Зачарованная величина

Лима Хосе Лесама

Хосе Лесама Лима (1910–1976) — выдающийся кубинский писатель, гордость испанского языка и несомненный классик, стихи и проза которого несут в себе фантастический синтез мировых культур.

X. Л. Лима дебютировал как поэт в 1930-е годы; в 1940-е-1950-е гг. возглавил интеллектуальный кружок поэтов-трансцеденталистов, создал лучший в испаноязычном мире журнал «Орихенес».

Его любили Хулио Кортасар и Варгас Льоса. В Европе и обеих Америках его издавали не раз. На русском языке это вторая книга избранных произведений; многое печатается впервые, включая «Гавану» — «карманный путеводитель», в котором видится малая summa всего созданного Лесамой.

Лесама Лима: образ и возможность

«Читать Лесаму — труд тяжелый и как мало что другое выводящий читателя из себя», — признался младший друг, корреспондент, внимательный читатель его поэзии и прозы Хулио Кортасар. Это не помешало Кортасару в конце 1960-х годов без колебаний назвать Хосе Лесама Лиму автором уровня уже прославленных тогда Хорхе Луиса Борхеса и Октавио Паса (прижизненная печатная судьба кубинского мастера у него на родине была к этому времени фактически завершена, а после 1971 года, отмеченного позорным для властей «делом» поэта и правозащитника Эберто Падильи, нелояльный писатель и вовсе оказался под запретом со стороны официальных инстанций). И все же о сложностях при чтении Лесамы, единодушно признавая его масштаб, настойчиво говорили — и писали ему самому — даже наиболее искушенные и благожелательные читатели. Автор отвечал одно: «Только трудное дает силу».

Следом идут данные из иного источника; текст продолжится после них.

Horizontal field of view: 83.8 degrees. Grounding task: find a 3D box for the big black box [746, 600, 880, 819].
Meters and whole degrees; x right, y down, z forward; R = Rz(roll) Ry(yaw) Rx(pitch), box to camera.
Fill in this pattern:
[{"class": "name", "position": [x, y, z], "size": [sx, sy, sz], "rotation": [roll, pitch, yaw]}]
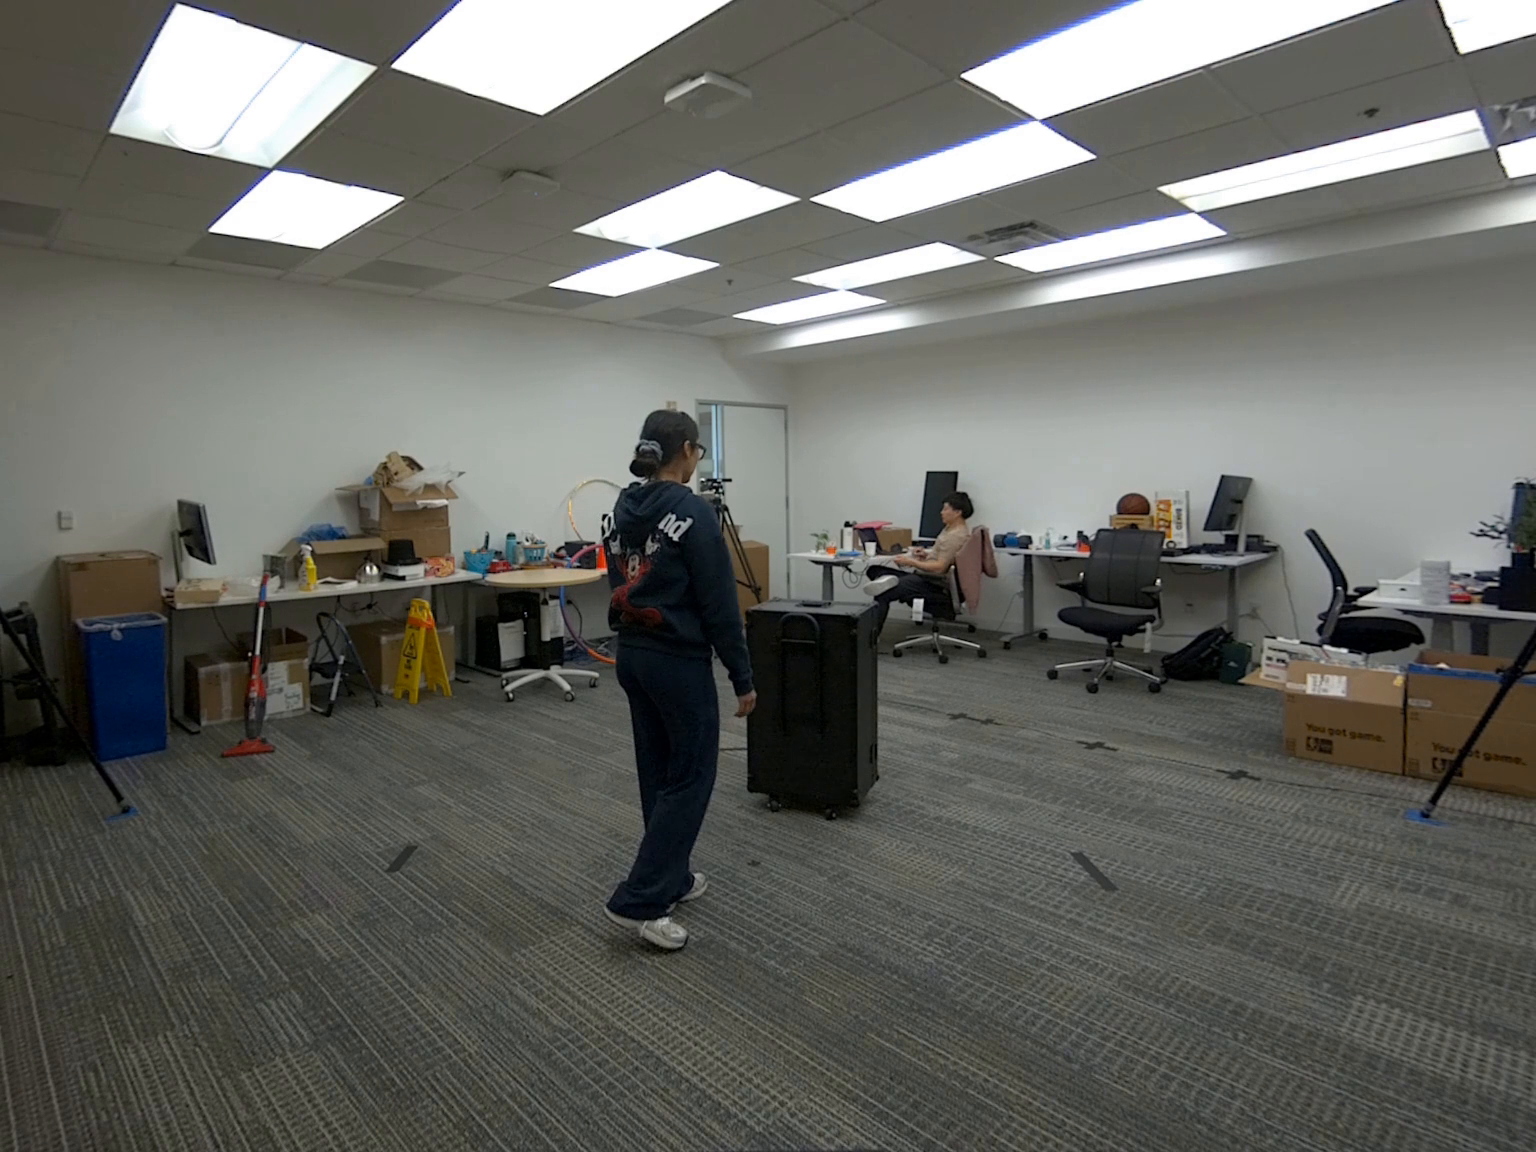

Российской публике в этой ситуации, пожалуй, еще сложней: мало кто у нас в стране знает или верит, будто на Кубе есть, да и вообще может быть, замечательная словесность, по привычке отождествляя культуру и политику (между тем почти все лучшие кубинские авторы второй половины XX века открыто порвали с кастристским режимом, а потому на протяжении позднесоветских десятилетий были по-русски не публикуемы и даже не упоминаемы). Кроме того, у мысли и слова Лесамы Лимы — очень длинная и достаточно запутанная родословная, вне которой, как писал тот же Кортасар, рискуешь «утерять путеводную нить, сбиться, понять плохо или, еще хуже, понять наполовину», а эта родословная в необходимых подробностях известна, опять-таки, скорей всего немногим. Кое-какие вехи тут подскажет уже оглавление нынешней книги, переполненное, как легко видеть, именами собственными. Но и к ним стоит — хотя бы лапидарным перечнем — добавить Платона и Аристотеля, орфиков и гностиков, средневековую схоластику и агиографию, европейское и колониальное барокко, Данте и Вико, Монтеня и Декарта, Спинозу и Гете, Честертона, Джойса и Элиота, Рильке и Музиля, Пруста, Сен-Жона Перса и Леона Блуа.